Reproduce the data below word for word.
____________________
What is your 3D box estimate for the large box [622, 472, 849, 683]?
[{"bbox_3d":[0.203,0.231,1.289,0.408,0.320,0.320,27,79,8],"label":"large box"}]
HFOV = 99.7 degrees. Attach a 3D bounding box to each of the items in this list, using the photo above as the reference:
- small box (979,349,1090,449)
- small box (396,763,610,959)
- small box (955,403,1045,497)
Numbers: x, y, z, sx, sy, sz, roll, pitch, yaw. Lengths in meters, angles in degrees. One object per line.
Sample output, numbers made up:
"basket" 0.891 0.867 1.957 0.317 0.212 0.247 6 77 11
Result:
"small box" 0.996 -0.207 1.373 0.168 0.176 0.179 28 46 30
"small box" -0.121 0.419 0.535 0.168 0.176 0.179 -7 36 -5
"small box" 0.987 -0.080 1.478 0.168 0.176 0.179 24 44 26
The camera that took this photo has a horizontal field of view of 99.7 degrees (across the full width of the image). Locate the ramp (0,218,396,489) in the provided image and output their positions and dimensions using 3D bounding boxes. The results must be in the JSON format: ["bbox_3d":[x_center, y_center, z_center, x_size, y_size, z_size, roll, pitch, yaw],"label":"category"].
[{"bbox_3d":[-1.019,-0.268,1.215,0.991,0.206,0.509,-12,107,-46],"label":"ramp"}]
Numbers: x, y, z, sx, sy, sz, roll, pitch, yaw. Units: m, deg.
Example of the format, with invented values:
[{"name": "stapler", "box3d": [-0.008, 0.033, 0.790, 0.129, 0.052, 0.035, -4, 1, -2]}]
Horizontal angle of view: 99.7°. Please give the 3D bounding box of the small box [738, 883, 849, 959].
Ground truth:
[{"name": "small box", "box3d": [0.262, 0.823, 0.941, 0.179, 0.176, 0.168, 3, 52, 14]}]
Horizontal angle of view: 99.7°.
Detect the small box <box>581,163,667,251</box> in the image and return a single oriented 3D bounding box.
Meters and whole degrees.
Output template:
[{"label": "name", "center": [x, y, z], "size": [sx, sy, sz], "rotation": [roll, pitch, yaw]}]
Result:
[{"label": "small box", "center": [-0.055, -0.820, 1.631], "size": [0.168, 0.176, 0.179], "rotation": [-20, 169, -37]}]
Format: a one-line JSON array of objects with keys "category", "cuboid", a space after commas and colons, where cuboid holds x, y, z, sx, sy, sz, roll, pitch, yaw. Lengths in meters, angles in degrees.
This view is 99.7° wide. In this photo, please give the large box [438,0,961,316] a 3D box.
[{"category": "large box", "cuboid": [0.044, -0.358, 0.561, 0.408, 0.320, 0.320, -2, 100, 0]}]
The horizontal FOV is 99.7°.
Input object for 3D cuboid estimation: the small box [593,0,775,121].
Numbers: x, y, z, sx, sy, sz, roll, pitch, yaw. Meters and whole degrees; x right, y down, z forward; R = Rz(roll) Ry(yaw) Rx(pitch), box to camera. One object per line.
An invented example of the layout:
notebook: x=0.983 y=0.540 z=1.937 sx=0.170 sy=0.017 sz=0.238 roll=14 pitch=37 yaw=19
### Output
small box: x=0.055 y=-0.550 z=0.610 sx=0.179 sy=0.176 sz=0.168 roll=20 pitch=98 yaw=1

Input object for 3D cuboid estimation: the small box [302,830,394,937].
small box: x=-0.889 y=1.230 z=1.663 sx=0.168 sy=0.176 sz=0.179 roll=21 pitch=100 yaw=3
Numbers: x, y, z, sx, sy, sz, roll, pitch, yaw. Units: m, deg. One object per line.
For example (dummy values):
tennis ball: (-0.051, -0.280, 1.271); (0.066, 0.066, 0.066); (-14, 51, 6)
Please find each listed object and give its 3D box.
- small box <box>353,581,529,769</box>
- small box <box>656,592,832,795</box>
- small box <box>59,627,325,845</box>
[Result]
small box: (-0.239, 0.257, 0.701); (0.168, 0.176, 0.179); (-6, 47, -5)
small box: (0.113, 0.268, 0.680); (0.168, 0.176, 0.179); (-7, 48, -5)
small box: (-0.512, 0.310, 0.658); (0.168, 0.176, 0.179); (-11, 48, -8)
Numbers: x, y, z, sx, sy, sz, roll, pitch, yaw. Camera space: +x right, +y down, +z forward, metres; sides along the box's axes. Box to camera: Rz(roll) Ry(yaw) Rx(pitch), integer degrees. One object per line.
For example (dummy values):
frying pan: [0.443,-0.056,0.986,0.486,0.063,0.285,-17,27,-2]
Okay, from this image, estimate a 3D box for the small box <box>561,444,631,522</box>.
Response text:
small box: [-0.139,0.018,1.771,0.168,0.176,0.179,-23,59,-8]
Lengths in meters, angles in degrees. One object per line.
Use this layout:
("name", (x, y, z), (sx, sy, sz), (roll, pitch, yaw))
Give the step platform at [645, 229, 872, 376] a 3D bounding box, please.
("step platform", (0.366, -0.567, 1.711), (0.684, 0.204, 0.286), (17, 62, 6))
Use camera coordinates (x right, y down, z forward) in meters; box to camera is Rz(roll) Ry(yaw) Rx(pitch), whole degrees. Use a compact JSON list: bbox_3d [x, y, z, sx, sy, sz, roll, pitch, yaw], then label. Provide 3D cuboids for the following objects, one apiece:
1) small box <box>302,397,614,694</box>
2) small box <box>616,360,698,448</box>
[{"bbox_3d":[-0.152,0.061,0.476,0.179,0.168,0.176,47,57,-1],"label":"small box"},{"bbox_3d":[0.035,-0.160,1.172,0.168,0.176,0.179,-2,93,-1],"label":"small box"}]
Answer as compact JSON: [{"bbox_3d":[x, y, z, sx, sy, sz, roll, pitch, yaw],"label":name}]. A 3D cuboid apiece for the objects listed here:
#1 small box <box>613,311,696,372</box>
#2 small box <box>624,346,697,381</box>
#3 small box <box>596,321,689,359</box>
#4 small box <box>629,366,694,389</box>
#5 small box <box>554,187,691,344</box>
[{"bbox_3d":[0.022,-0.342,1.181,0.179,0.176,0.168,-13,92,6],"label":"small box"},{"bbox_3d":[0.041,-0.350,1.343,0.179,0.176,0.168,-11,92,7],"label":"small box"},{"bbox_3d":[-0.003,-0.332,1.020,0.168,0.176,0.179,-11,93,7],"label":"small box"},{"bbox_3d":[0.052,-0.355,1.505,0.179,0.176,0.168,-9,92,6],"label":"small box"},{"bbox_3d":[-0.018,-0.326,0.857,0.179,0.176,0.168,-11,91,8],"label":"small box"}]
____________________
Task solution:
What is your 3D box estimate for the large box [622, 472, 849, 683]?
[{"bbox_3d":[0.203,0.231,1.289,0.408,0.320,0.320,27,79,8],"label":"large box"}]
HFOV = 99.7 degrees. Attach a 3D bounding box to each of the items in this list, using the photo above as the reference:
- small box (979,349,1090,449)
- small box (396,763,610,959)
- small box (955,403,1045,497)
Numbers: x, y, z, sx, sy, sz, roll, pitch, yaw. Lengths in meters, angles in degrees. One object per line.
Sample output, numbers made up:
"basket" 0.891 0.867 1.957 0.317 0.212 0.247 6 77 11
Result:
"small box" 0.996 -0.207 1.373 0.168 0.176 0.179 28 46 30
"small box" -0.121 0.419 0.535 0.168 0.176 0.179 -7 36 -5
"small box" 0.987 -0.080 1.478 0.168 0.176 0.179 24 44 26
The camera that took this photo has a horizontal field of view of 99.7 degrees (across the full width of the image). Locate the ramp (0,218,396,489) in the provided image and output their positions and dimensions using 3D bounding boxes. The results must be in the JSON format: ["bbox_3d":[x_center, y_center, z_center, x_size, y_size, z_size, roll, pitch, yaw],"label":"category"].
[{"bbox_3d":[-1.019,-0.268,1.215,0.991,0.206,0.509,-12,107,-46],"label":"ramp"}]
Numbers: x, y, z, sx, sy, sz, roll, pitch, yaw. Units: m, deg.
Example of the format, with invented values:
[{"name": "stapler", "box3d": [-0.008, 0.033, 0.790, 0.129, 0.052, 0.035, -4, 1, -2]}]
Horizontal angle of view: 99.7°. Please give the 3D bounding box of the small box [738, 883, 849, 959].
Ground truth:
[{"name": "small box", "box3d": [0.262, 0.823, 0.941, 0.179, 0.176, 0.168, 3, 52, 14]}]
Horizontal angle of view: 99.7°.
Detect the small box <box>581,163,667,251</box> in the image and return a single oriented 3D bounding box.
Meters and whole degrees.
Output template:
[{"label": "name", "center": [x, y, z], "size": [sx, sy, sz], "rotation": [roll, pitch, yaw]}]
Result:
[{"label": "small box", "center": [-0.055, -0.820, 1.631], "size": [0.168, 0.176, 0.179], "rotation": [-20, 169, -37]}]
Format: a one-line JSON array of objects with keys "category", "cuboid", a space after commas and colons, where cuboid holds x, y, z, sx, sy, sz, roll, pitch, yaw. Lengths in meters, angles in degrees.
This view is 99.7° wide. In this photo, please give the large box [438,0,961,316] a 3D box.
[{"category": "large box", "cuboid": [0.044, -0.358, 0.561, 0.408, 0.320, 0.320, -2, 100, 0]}]
The horizontal FOV is 99.7°.
Input object for 3D cuboid estimation: the small box [593,0,775,121].
Numbers: x, y, z, sx, sy, sz, roll, pitch, yaw. Meters and whole degrees; x right, y down, z forward; R = Rz(roll) Ry(yaw) Rx(pitch), box to camera. One object per line.
An invented example of the layout:
notebook: x=0.983 y=0.540 z=1.937 sx=0.170 sy=0.017 sz=0.238 roll=14 pitch=37 yaw=19
### Output
small box: x=0.055 y=-0.550 z=0.610 sx=0.179 sy=0.176 sz=0.168 roll=20 pitch=98 yaw=1

Input object for 3D cuboid estimation: the small box [302,830,394,937].
small box: x=-0.889 y=1.230 z=1.663 sx=0.168 sy=0.176 sz=0.179 roll=21 pitch=100 yaw=3
Numbers: x, y, z, sx, sy, sz, roll, pitch, yaw. Units: m, deg. One object per line.
For example (dummy values):
tennis ball: (-0.051, -0.280, 1.271); (0.066, 0.066, 0.066); (-14, 51, 6)
Please find each listed object and give its 3D box.
- small box <box>353,581,529,769</box>
- small box <box>656,592,832,795</box>
- small box <box>59,627,325,845</box>
[Result]
small box: (-0.239, 0.257, 0.701); (0.168, 0.176, 0.179); (-6, 47, -5)
small box: (0.113, 0.268, 0.680); (0.168, 0.176, 0.179); (-7, 48, -5)
small box: (-0.512, 0.310, 0.658); (0.168, 0.176, 0.179); (-11, 48, -8)
Numbers: x, y, z, sx, sy, sz, roll, pitch, yaw. Camera space: +x right, +y down, +z forward, metres; sides along the box's axes. Box to camera: Rz(roll) Ry(yaw) Rx(pitch), integer degrees. One object per line.
For example (dummy values):
frying pan: [0.443,-0.056,0.986,0.486,0.063,0.285,-17,27,-2]
Okay, from this image, estimate a 3D box for the small box <box>561,444,631,522</box>.
Response text:
small box: [-0.139,0.018,1.771,0.168,0.176,0.179,-23,59,-8]
Lengths in meters, angles in degrees. One object per line.
Use this layout:
("name", (x, y, z), (sx, sy, sz), (roll, pitch, yaw))
Give the step platform at [645, 229, 872, 376] a 3D bounding box, please.
("step platform", (0.366, -0.567, 1.711), (0.684, 0.204, 0.286), (17, 62, 6))
Use camera coordinates (x right, y down, z forward) in meters; box to camera is Rz(roll) Ry(yaw) Rx(pitch), whole degrees. Use a compact JSON list: bbox_3d [x, y, z, sx, sy, sz, roll, pitch, yaw], then label. Provide 3D cuboids for the following objects, one apiece:
1) small box <box>302,397,614,694</box>
2) small box <box>616,360,698,448</box>
[{"bbox_3d":[-0.152,0.061,0.476,0.179,0.168,0.176,47,57,-1],"label":"small box"},{"bbox_3d":[0.035,-0.160,1.172,0.168,0.176,0.179,-2,93,-1],"label":"small box"}]
Answer as compact JSON: [{"bbox_3d":[x, y, z, sx, sy, sz, roll, pitch, yaw],"label":name}]. A 3D cuboid apiece for the objects listed here:
#1 small box <box>613,311,696,372</box>
#2 small box <box>624,346,697,381</box>
#3 small box <box>596,321,689,359</box>
#4 small box <box>629,366,694,389</box>
#5 small box <box>554,187,691,344</box>
[{"bbox_3d":[0.022,-0.342,1.181,0.179,0.176,0.168,-13,92,6],"label":"small box"},{"bbox_3d":[0.041,-0.350,1.343,0.179,0.176,0.168,-11,92,7],"label":"small box"},{"bbox_3d":[-0.003,-0.332,1.020,0.168,0.176,0.179,-11,93,7],"label":"small box"},{"bbox_3d":[0.052,-0.355,1.505,0.179,0.176,0.168,-9,92,6],"label":"small box"},{"bbox_3d":[-0.018,-0.326,0.857,0.179,0.176,0.168,-11,91,8],"label":"small box"}]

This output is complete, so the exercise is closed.